Stored dataset items

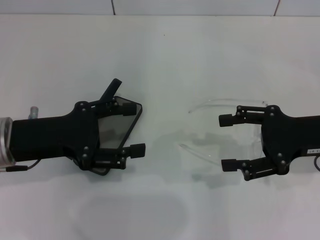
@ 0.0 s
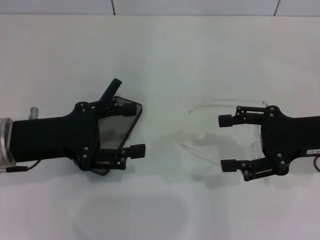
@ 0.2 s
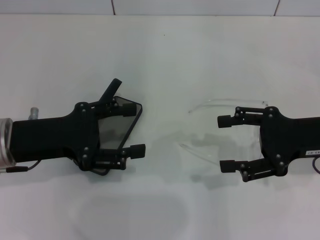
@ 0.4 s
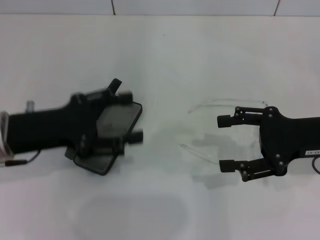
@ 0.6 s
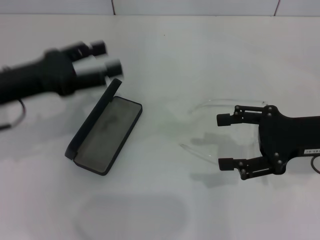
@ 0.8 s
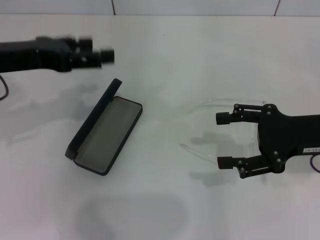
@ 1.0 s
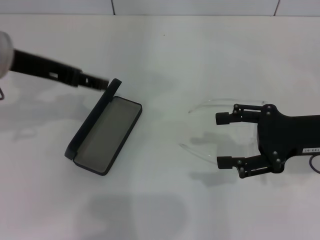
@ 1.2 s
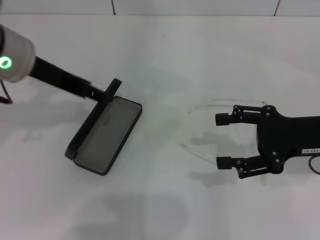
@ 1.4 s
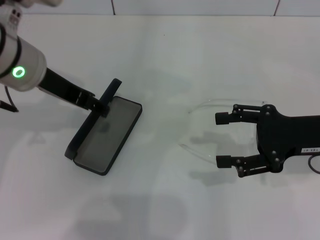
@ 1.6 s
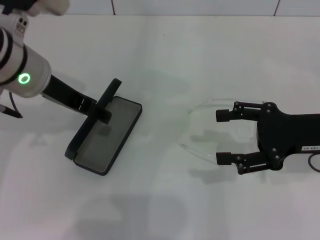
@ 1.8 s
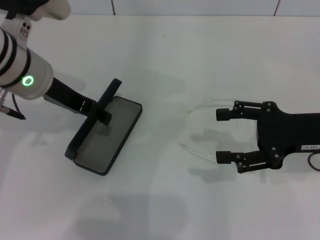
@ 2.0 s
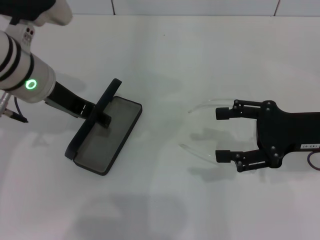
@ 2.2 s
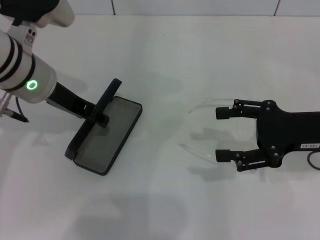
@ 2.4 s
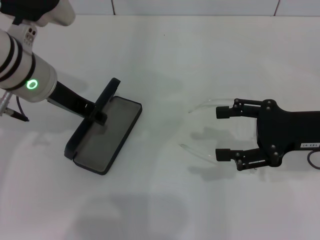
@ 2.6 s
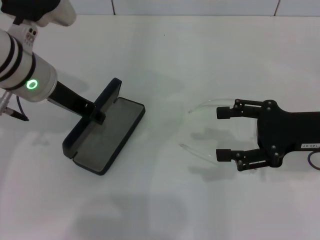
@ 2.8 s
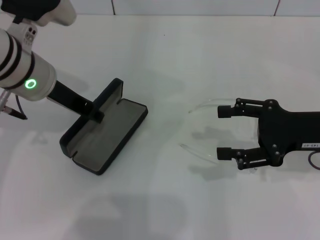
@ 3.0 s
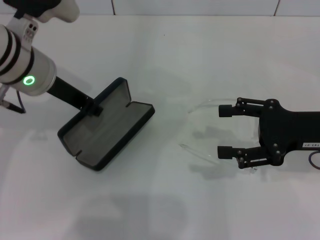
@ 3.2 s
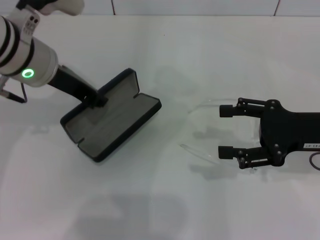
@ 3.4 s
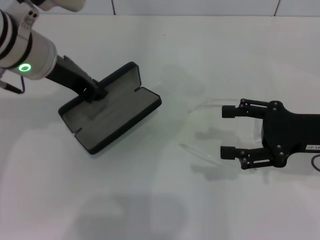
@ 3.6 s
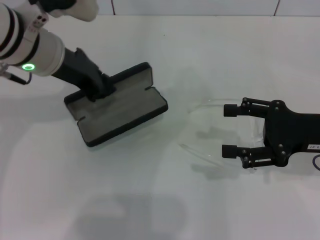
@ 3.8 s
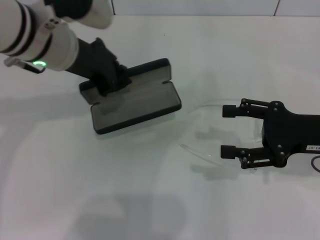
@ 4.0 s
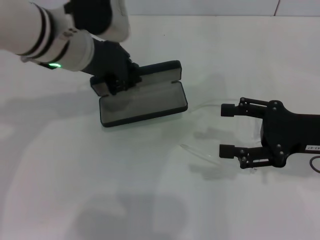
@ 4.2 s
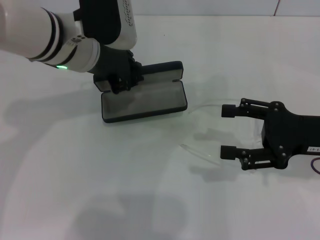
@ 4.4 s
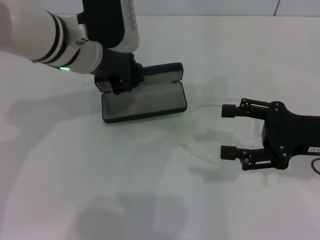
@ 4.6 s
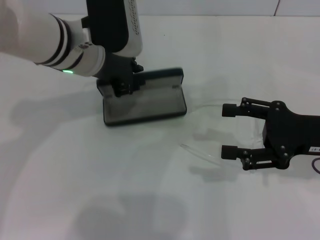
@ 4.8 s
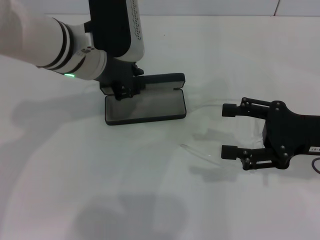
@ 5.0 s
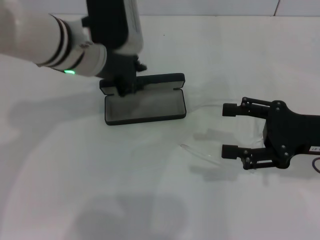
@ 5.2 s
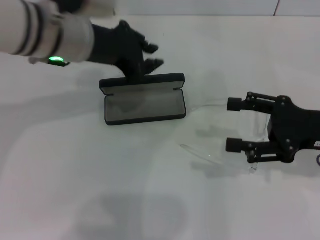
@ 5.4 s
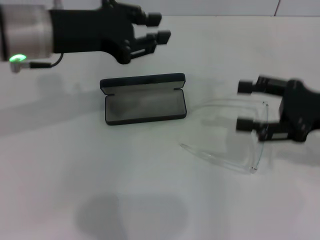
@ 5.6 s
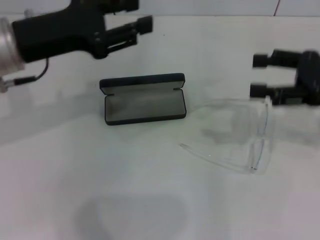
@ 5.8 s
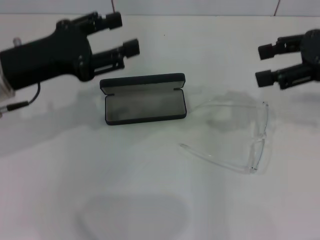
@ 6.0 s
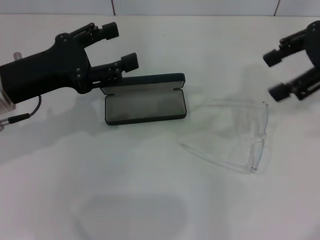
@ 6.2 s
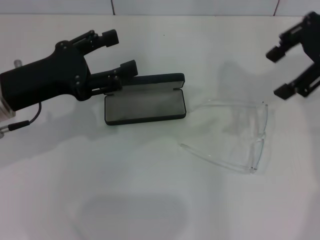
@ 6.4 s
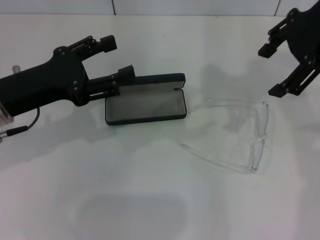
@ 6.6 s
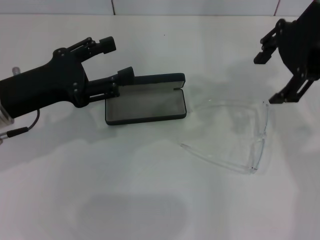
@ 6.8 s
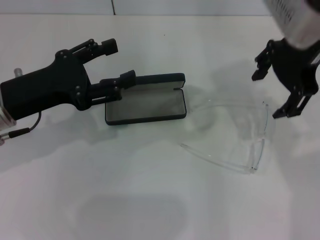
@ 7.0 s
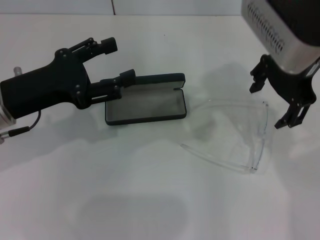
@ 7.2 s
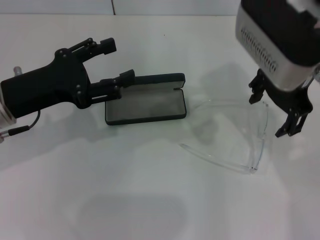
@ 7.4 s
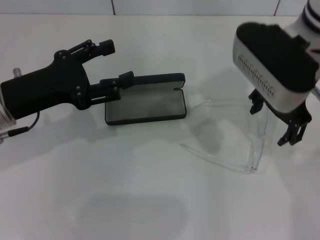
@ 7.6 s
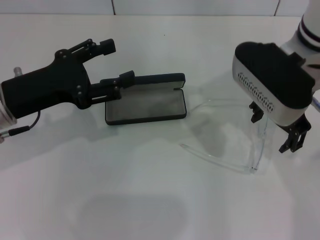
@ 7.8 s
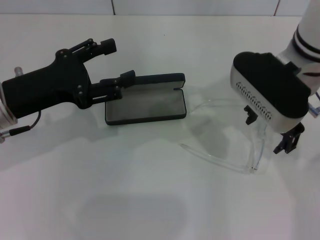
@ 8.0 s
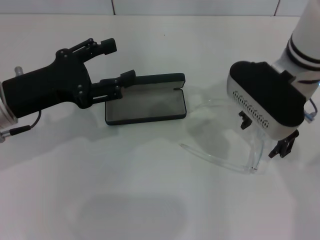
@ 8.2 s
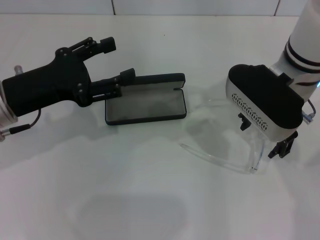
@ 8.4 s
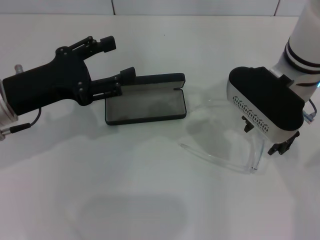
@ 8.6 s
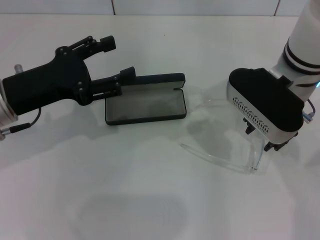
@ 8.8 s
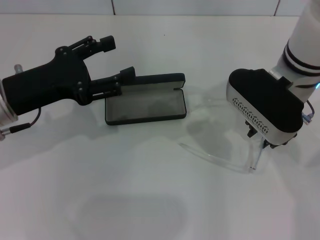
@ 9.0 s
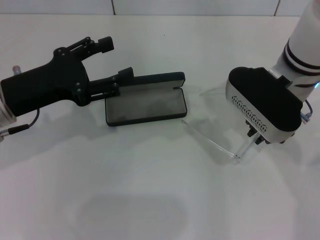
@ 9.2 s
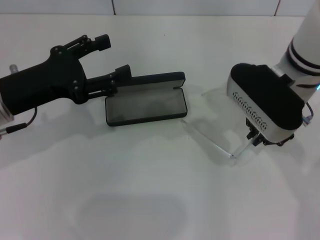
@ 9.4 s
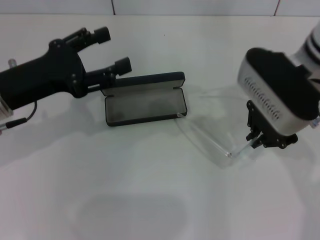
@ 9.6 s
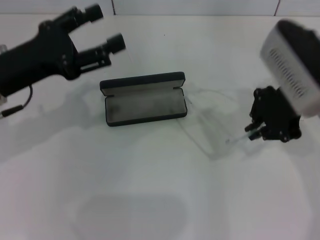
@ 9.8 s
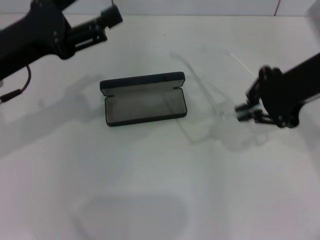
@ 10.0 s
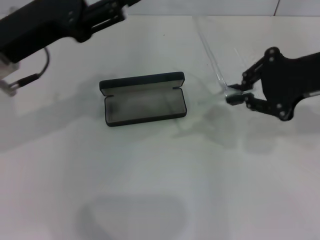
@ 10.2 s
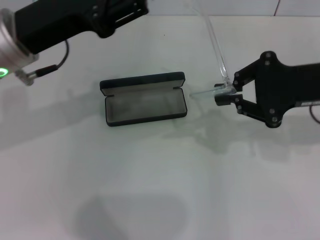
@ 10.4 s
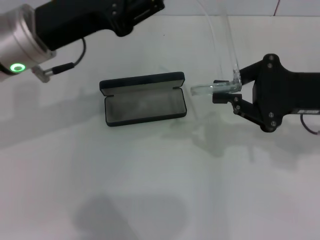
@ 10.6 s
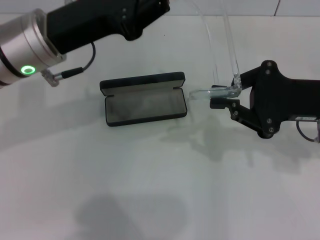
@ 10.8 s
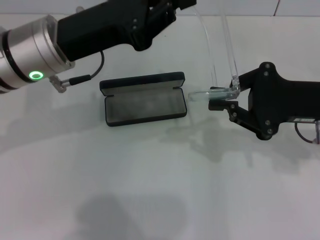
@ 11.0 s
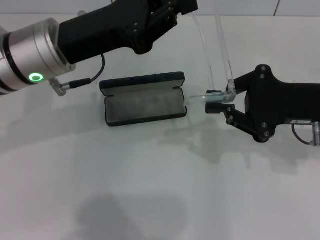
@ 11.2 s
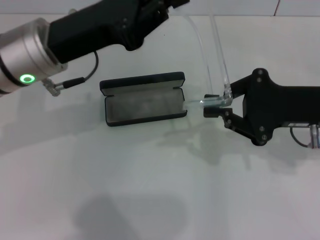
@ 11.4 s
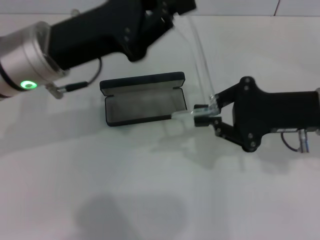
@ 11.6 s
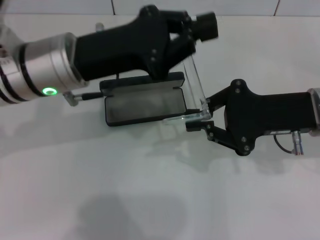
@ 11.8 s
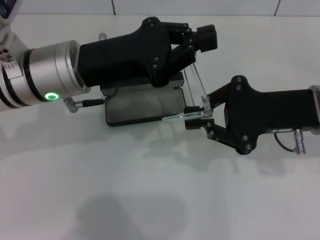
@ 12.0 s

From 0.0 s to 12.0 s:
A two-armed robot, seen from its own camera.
Step, from 0.0 s to 3.2 s: Grab the glasses case with your left hand.
Step, from 3.4 s to 4.8 s: Place the glasses case in the center of the table with your left hand.
Step, from 5.2 s to 9.2 s: Grab the eyeglass frame with your right hand.
From 0.0 s to 1.6 s: The left gripper moves upward, forward and to the right, approximately 15 cm.
From 1.6 s to 3.0 s: The left gripper closes up.
From 3.0 s to 4.4 s: The left gripper moves roughly 5 cm.
From 4.4 s to 6.0 s: The left gripper shifts about 15 cm to the left and backward, and opens up; the right gripper heads upward and forward, covering some 15 cm.
From 6.0 s to 7.6 s: The right gripper goes about 15 cm to the left, while the left gripper opens.
From 7.6 s to 9.0 s: The right gripper travels downward by roughly 5 cm, and closes.
From 9.0 s to 10.4 s: The right gripper moves to the right, about 10 cm, and closes up. The left gripper shifts about 5 cm upward.
From 10.4 s to 12.0 s: The left gripper shifts by about 5 cm, and closes up; the right gripper shifts by roughly 5 cm.

ASSIGNMENT: Apart from the pictures, the entries above are to be repeated in full and exactly.

SOLUTION TO THIS EXERCISE:
@ 0.0 s
@ 0.2 s
@ 0.4 s
@ 0.6 s
@ 0.8 s
@ 1.0 s
@ 1.2 s
@ 1.4 s
@ 1.6 s
@ 1.8 s
@ 2.0 s
@ 2.2 s
@ 2.4 s
@ 2.6 s
@ 2.8 s
@ 3.0 s
@ 3.2 s
@ 3.4 s
@ 3.6 s
@ 3.8 s
@ 4.0 s
@ 4.2 s
@ 4.4 s
@ 4.6 s
@ 4.8 s
@ 5.0 s
@ 5.2 s
@ 5.4 s
@ 5.6 s
@ 5.8 s
@ 6.0 s
@ 6.2 s
@ 6.4 s
@ 6.6 s
@ 6.8 s
@ 7.0 s
@ 7.2 s
@ 7.4 s
@ 7.6 s
@ 7.8 s
@ 8.0 s
@ 8.2 s
@ 8.4 s
@ 8.6 s
@ 8.8 s
@ 9.0 s
@ 9.2 s
@ 9.4 s
@ 9.6 s
@ 9.8 s
@ 10.0 s
@ 10.2 s
@ 10.4 s
@ 10.6 s
@ 10.8 s
@ 11.0 s
@ 11.2 s
@ 11.4 s
@ 11.6 s
@ 11.8 s
@ 12.0 s

From 0.0 s to 12.0 s:
A two-armed robot, seen from its own camera.
Step, from 0.0 s to 3.2 s: Grab the glasses case with your left hand.
Step, from 3.4 s to 4.8 s: Place the glasses case in the center of the table with your left hand.
Step, from 5.2 s to 9.2 s: Grab the eyeglass frame with your right hand.
From 0.0 s to 1.6 s: The left gripper moves upward, forward and to the right, approximately 15 cm.
From 1.6 s to 3.0 s: The left gripper closes up.
From 3.0 s to 4.4 s: The left gripper moves roughly 5 cm.
From 4.4 s to 6.0 s: The left gripper shifts about 15 cm to the left and backward, and opens up; the right gripper heads upward and forward, covering some 15 cm.
From 6.0 s to 7.6 s: The right gripper goes about 15 cm to the left, while the left gripper opens.
From 7.6 s to 9.0 s: The right gripper travels downward by roughly 5 cm, and closes.
From 9.0 s to 10.4 s: The right gripper moves to the right, about 10 cm, and closes up. The left gripper shifts about 5 cm upward.
From 10.4 s to 12.0 s: The left gripper shifts by about 5 cm, and closes up; the right gripper shifts by roughly 5 cm.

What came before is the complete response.